Challenges of ML in Industrial Laser Welding
ML in laser welding faces three hard problems: data availability and quality across different machines and materials, model generalisation and compute cost, and the real-time inference constraints imposed by the welding process itself.
Applying ML to laser welding in a production environment is not straightforward. The challenges fall into three categories: data, model, and system integration.
Data Availability and Quality
Labelled training data in welding is expensive to generate. Producing a defective weld for labelling purposes requires controlled degradation of an otherwise functional process. Destructive testing (cutting the weld open to verify penetration depth or porosity) is the only way to confirm ground truth for some quality measures.
The problem compounds across variation sources:
- Different machines: the same nominal process on two different welding systems produces different sensor signals due to hardware variation
- Different materials: aluminium and stainless steel have different thermal conductivity, reflectivity, and melting points, which changes the relationship between process parameters and weld quality entirely
- Different sensors: a model trained on data from one sensor configuration may not transfer to a different sensor setup
This is why domain adaptation and transfer learning are active research topics in this area: the goal is to reduce the labelled data requirement when moving to a new machine, material, or sensor setup.
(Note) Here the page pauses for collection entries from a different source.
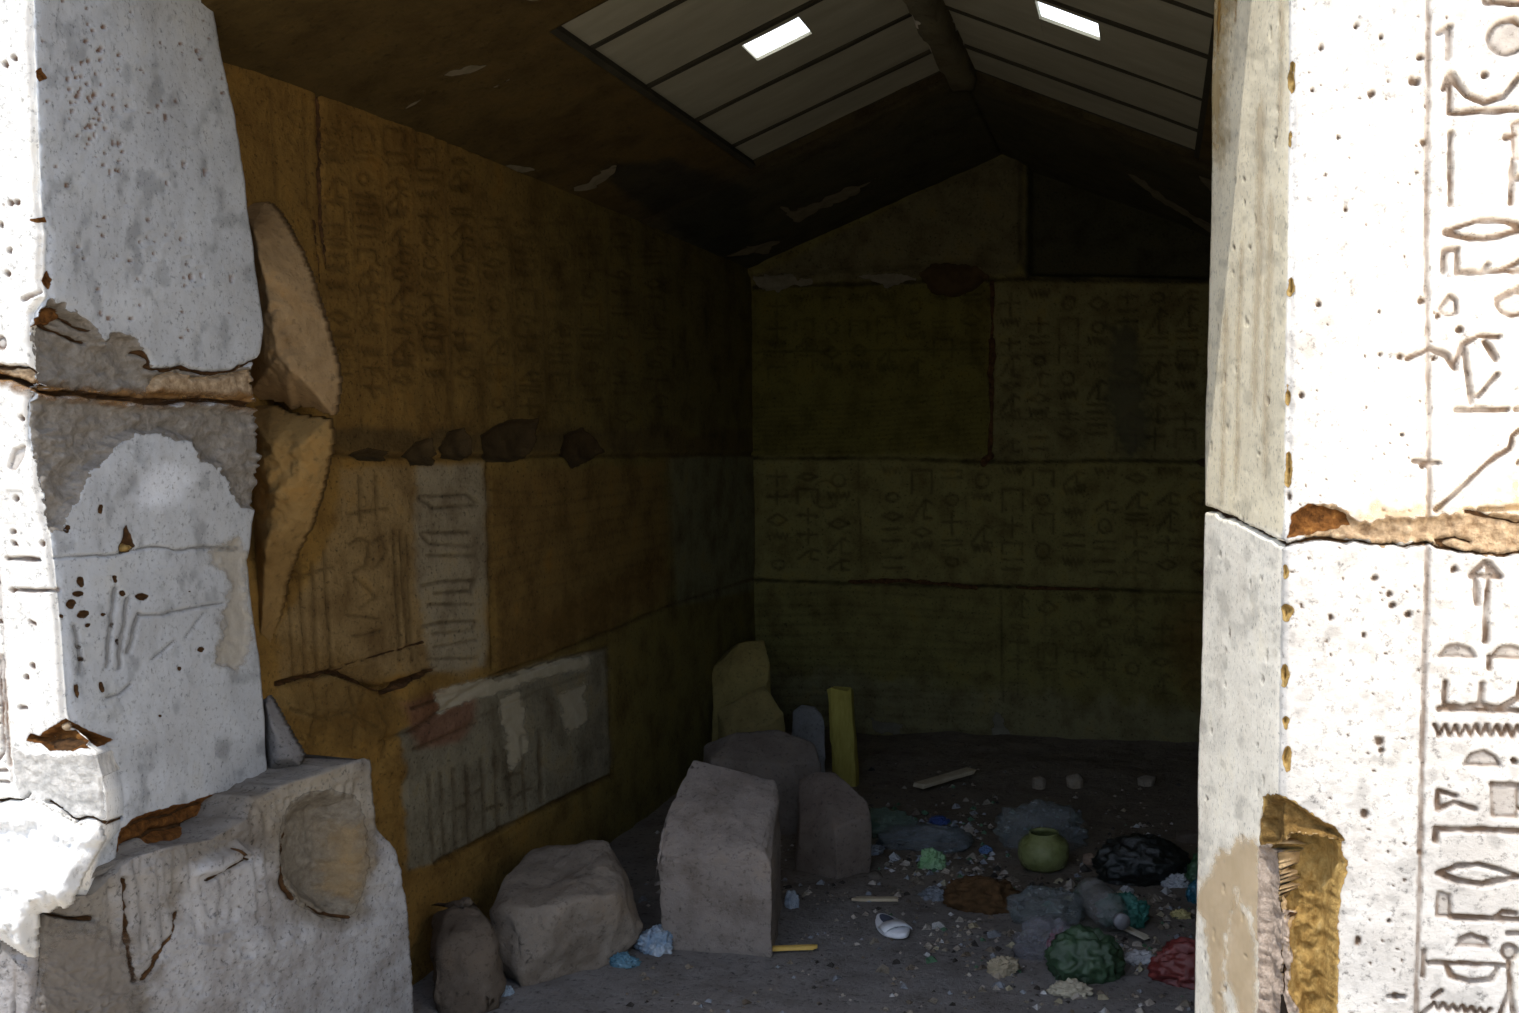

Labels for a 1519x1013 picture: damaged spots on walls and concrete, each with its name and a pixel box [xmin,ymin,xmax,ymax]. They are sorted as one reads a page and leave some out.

spalling [1287,61,1295,94]
crack [36,318,90,344]
crack [0,365,256,410]
spalling [0,271,262,533]
spalling [1284,452,1293,488]
crack [1211,507,1519,557]
spalling [1287,504,1519,557]
spalling [59,591,119,645]
spalling [1281,604,1294,622]
spalling [1281,664,1290,687]
spalling [1282,716,1292,772]
spalling [1257,793,1348,1013]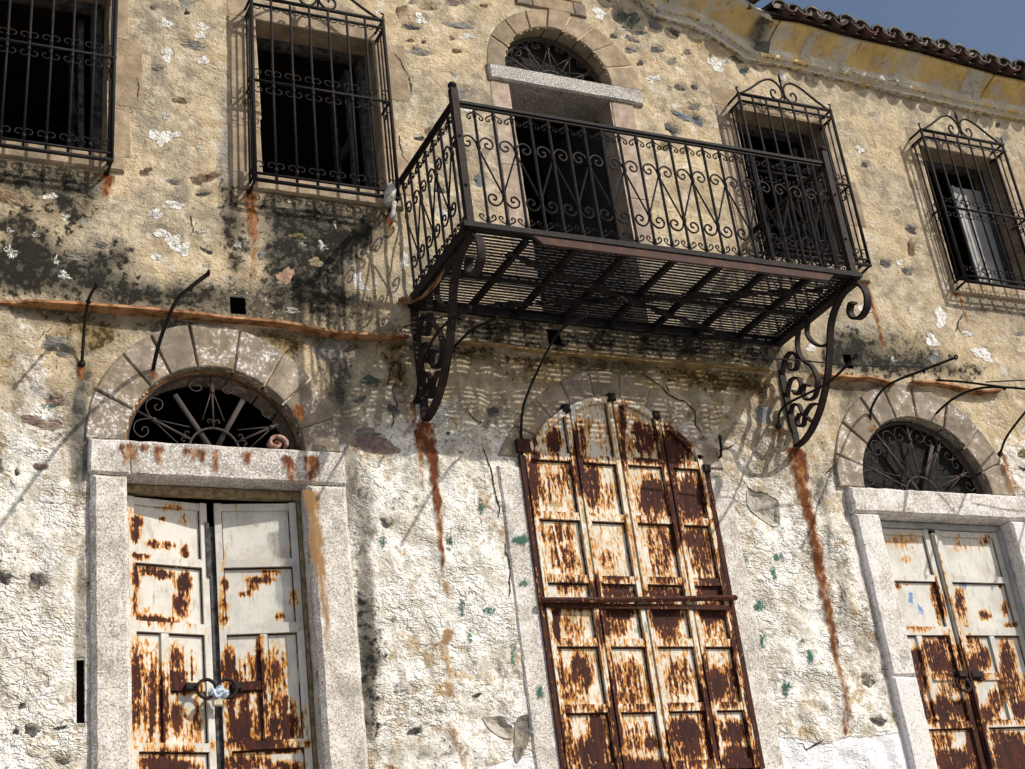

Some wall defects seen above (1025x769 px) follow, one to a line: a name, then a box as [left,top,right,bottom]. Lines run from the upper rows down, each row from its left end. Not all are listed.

flaking render [396,0,461,56]
flaking render [442,22,476,54]
flaking render [755,41,770,54]
leakage [0,169,382,318]
rust [245,193,259,277]
leakage [821,326,982,390]
rust [119,443,164,464]
rust [184,447,218,471]
rust [411,402,445,568]
rust [281,455,330,630]
rust [788,447,851,736]
rust [430,628,453,690]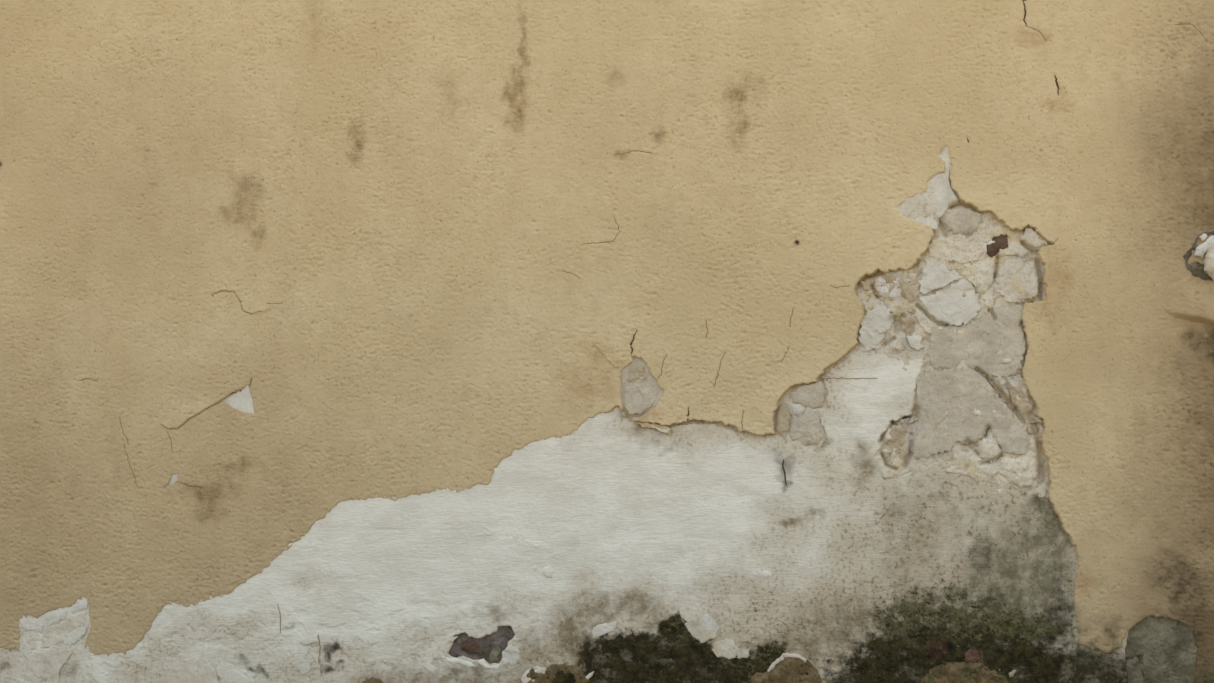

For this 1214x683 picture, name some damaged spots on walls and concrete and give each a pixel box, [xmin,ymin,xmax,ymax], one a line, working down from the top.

spalling [1184,231,1214,281]
peeling [0,146,1198,683]
leakage [558,594,647,665]

Model Generalisation and Compute
ML models trained on data from one welding configuration tend not to generalise to others. A model that predicts defect likelihood for aluminium butt welds on machine A will perform poorly on stainless steel lap welds on machine B, even if the process parameters overlap.
Deep learning models that handle image and time-series data require significant compute for both training and inference. In a production setting, training time is manageable offline, but inference must happen fast enough to be useful.
Real-Time Inference and System Integration
Laser welding processes range from milliseconds (pulsed micro-welding in electronics) to minutes (thick plate structural welds). For online control applications, the ML inference must complete within the timescale of the process.
This creates two practical constraints:
- Hardware limitations: edge inference hardware must be fast enough, low-latency enough, and reliable enough for an industrial environment
- PLC integration: the ML output must interface with the Programmable Logic Controllers that actually drive the welding equipment. PLCs operate on deterministic real-time operating systems with strict timing requirements. Feeding ML predictions into a PLC control loop requires careful integration and latency guarantees that are not native to most ML frameworks
These integration challenges are often the bottleneck between a working research prototype and a deployed production system.